5. Create a function, called **"add_ones"** which takes in $X$ and returns an augmented version where 1s have been concatenated with X. This implies that a new column is added to $X$ which contain ones. Call this new augmented data, $X_{new}$. The function should return $X_{new}$. Note that $X_{new}$ has one column more than $X$.
6. Edit your fit method **to add ones** to $X$ to make $X_{new}$ before computing $\theta$ in your code.
7. Now, calculate the $MSE$ for your predictions using this $X_{new}$. 

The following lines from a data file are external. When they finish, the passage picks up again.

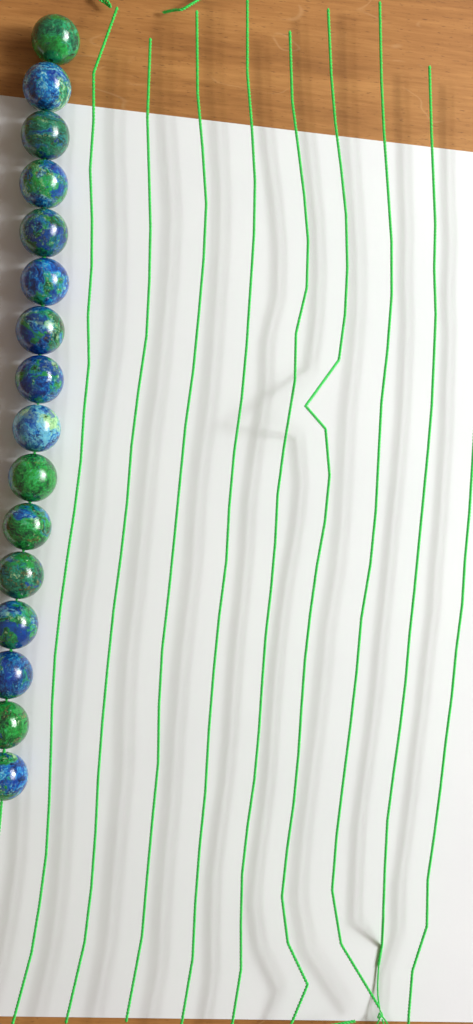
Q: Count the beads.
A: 16
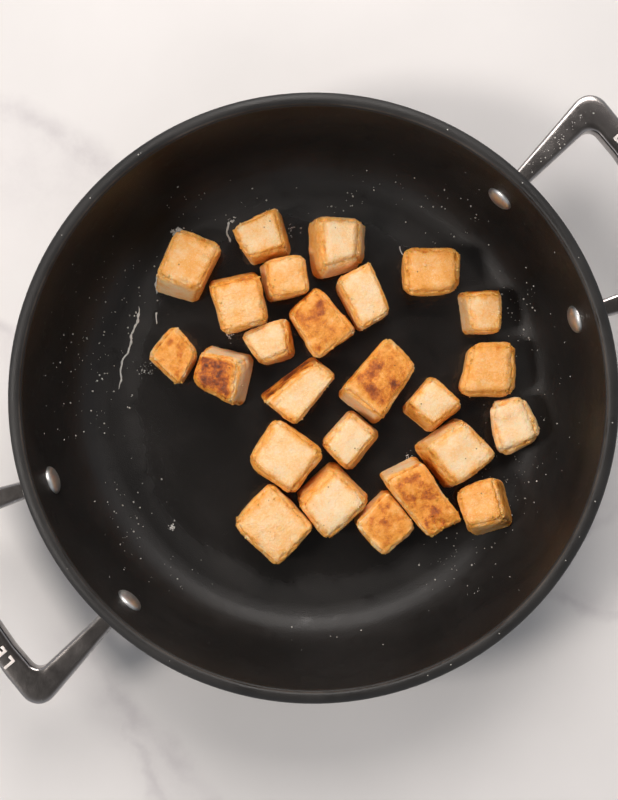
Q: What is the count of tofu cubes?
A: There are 25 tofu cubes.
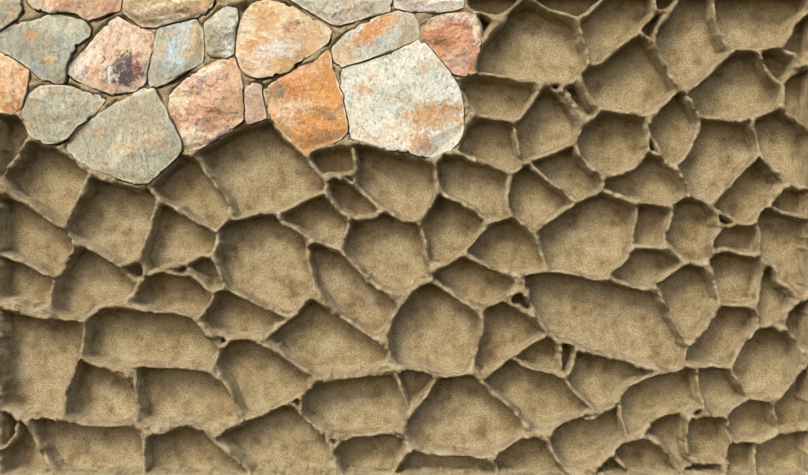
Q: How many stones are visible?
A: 19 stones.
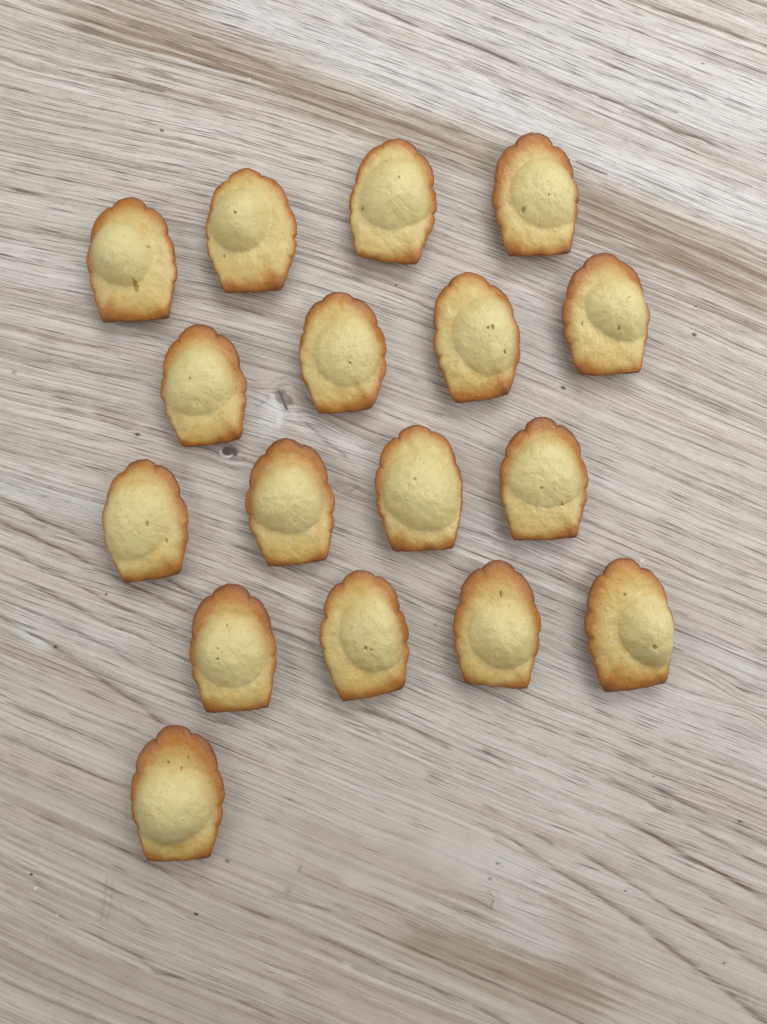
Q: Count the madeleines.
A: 17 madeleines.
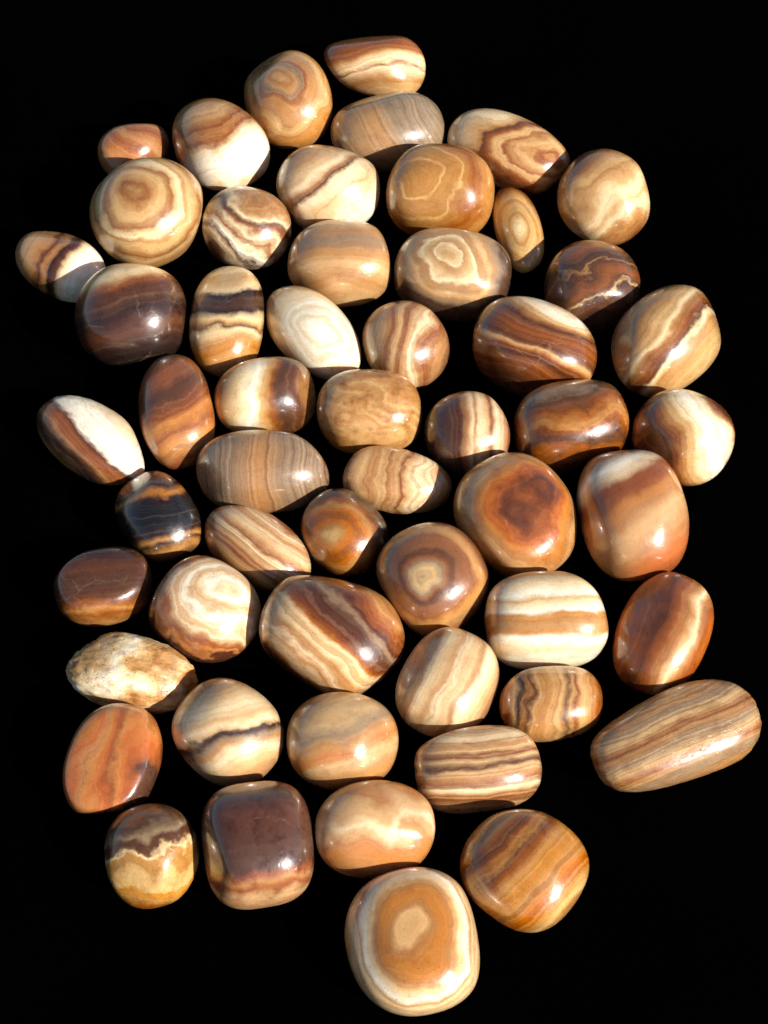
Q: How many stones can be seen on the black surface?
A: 55
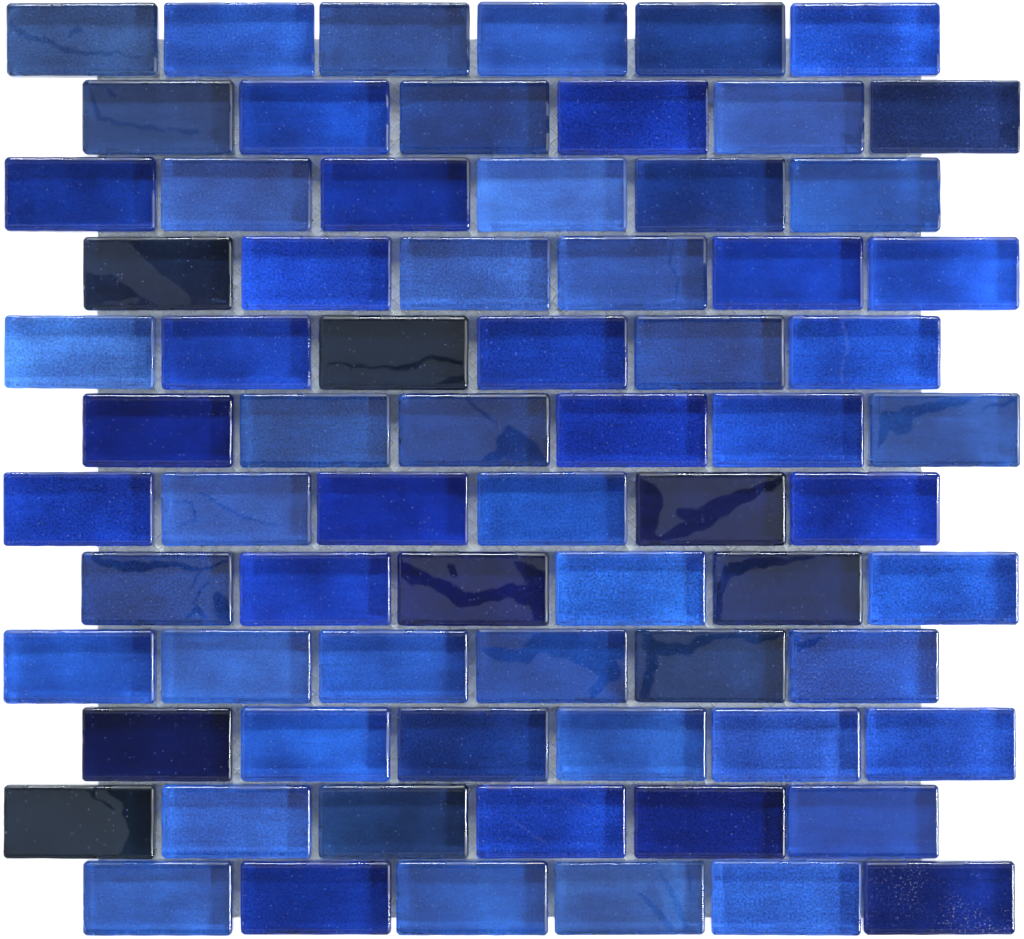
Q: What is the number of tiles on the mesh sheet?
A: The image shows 72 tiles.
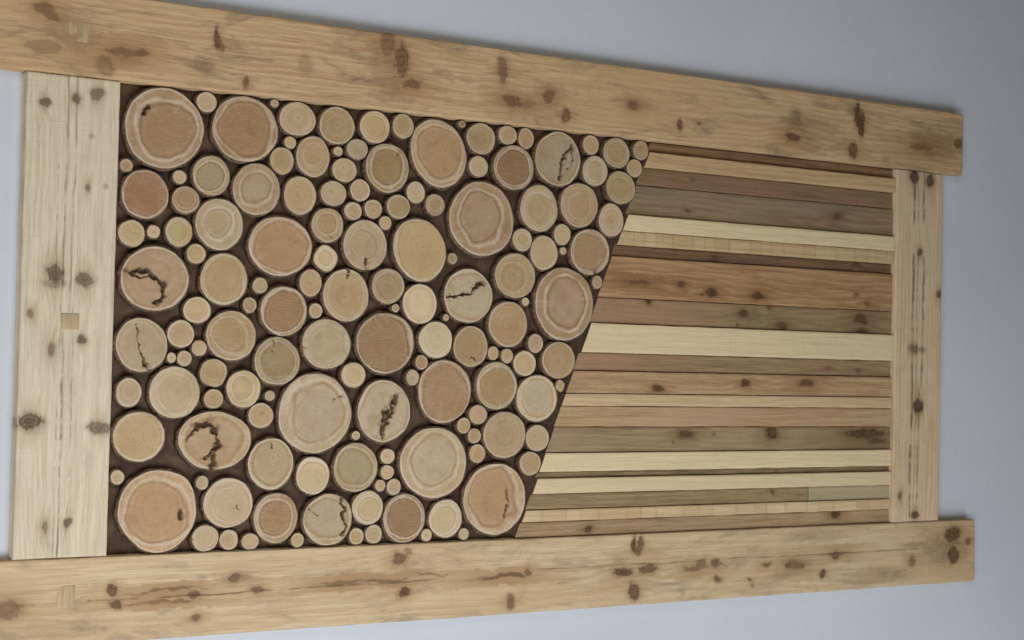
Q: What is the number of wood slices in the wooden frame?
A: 151
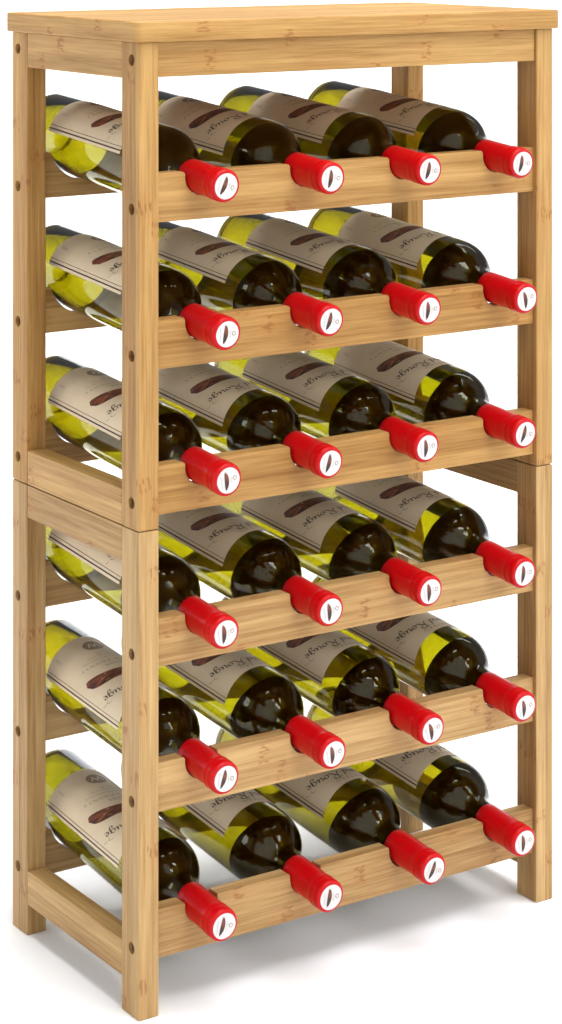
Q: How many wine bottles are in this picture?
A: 24
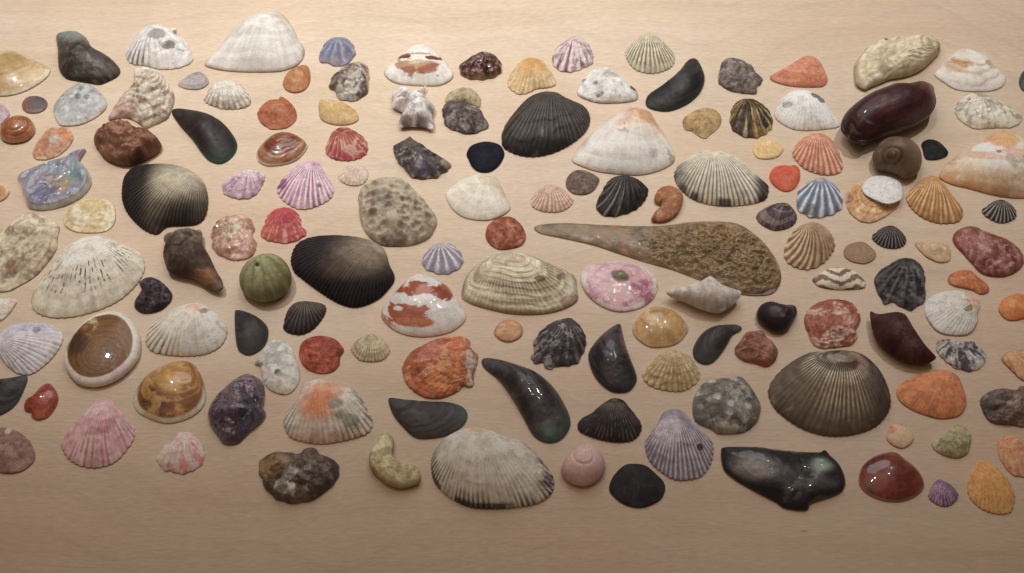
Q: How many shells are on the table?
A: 146

- Is it better than the previous MSE you got? Give any reason why it is better or not better.

In [None]:
b=np.ones((1,len(x))).reshape(1,len(x)).T
x_new = np.hstack((x,b))

In [None]:
x_new

array([[ 60.        ,  30.        ,  19.89      , ...,   5.3       ,
         13.27543316,   1.        ],
       [ 60.        ,  30.        ,  19.89      , ...,   5.2       ,
         18.60619498,   1.        ],
       [ 50.        ,  30.        ,  19.89      , ...,   5.1       ,
         28.64266817,   1.        ],
       ...,
       [270.        ,  10.        ,  25.5       , ...,  13.26666667,
         29.19911708,   1.        ],
       [420.        ,  10.        ,  25.5       , ...,  13.23333333,
          6.32278365,   1.        ],
       [430.        ,  10.        ,  25.5       , ...,  13.2       ,
         34.11885059,   1.        ]])

In [None]:
class LinearReg2():
  theta=None

  def add_ones(self,x):
    x_new = np.hstack((x,np.ones((1,len(x))).reshape(1,len(x)).T))
    return x_new

  def fit(self, x, y):
      x = self.add_ones(x)
      self.theta = np.linalg.inv(x.T.dot(x)).dot(x.T).dot(y)  
      return self.theta  

  def predict(self,x):
      x = self.add_ones(x)
      y_hat = np.dot(x,self.theta) 
      return y_hat
  
  def MSE(self, y, y_hat):
      return np.sum(np.power((y - y_hat) ,2))/len(y)

In [None]:
model2 = LinearReg2()

In [None]:
model2.fit(x, y)

array([-3.88876762e-12,  6.68427856e-11,  5.84905232e-11,  2.19584754e-11,
       -6.33590793e-11, -2.64032929e-11, -2.47161566e-11, -5.07133745e-12,
        8.67421326e-12,  4.55605692e-12,  1.84104841e-11, -1.97526674e-13,
        1.92316389e-12,  2.31556690e-13, -1.08820539e-11,  6.00844049e-12,
        3.32949727e-12, -2.68422914e-12,  1.08051940e-11,  3.60279623e-13,
        3.35785219e-13, -3.08414945e-14, -8.52989012e-14, -1.13018969e-13,
       -2.13582407e-15,  1.15144873e-13,  1.00000000e+00,  1.10431428e-10])

In [None]:
model2.predict(x)

array([13.27543316, 18.60619498, 28.64266817, ..., 29.19911708,
        6.32278365, 34.11885059])

In [None]:
model2.MSE(y, y_hat)

7.559491930715856e-20

Is it better than the previous MSE you got? Give any reason why it is better or not better.

Answer : it's the same and I think it's based on the configuration of my data. The data I chose and my target allowed me to have this result.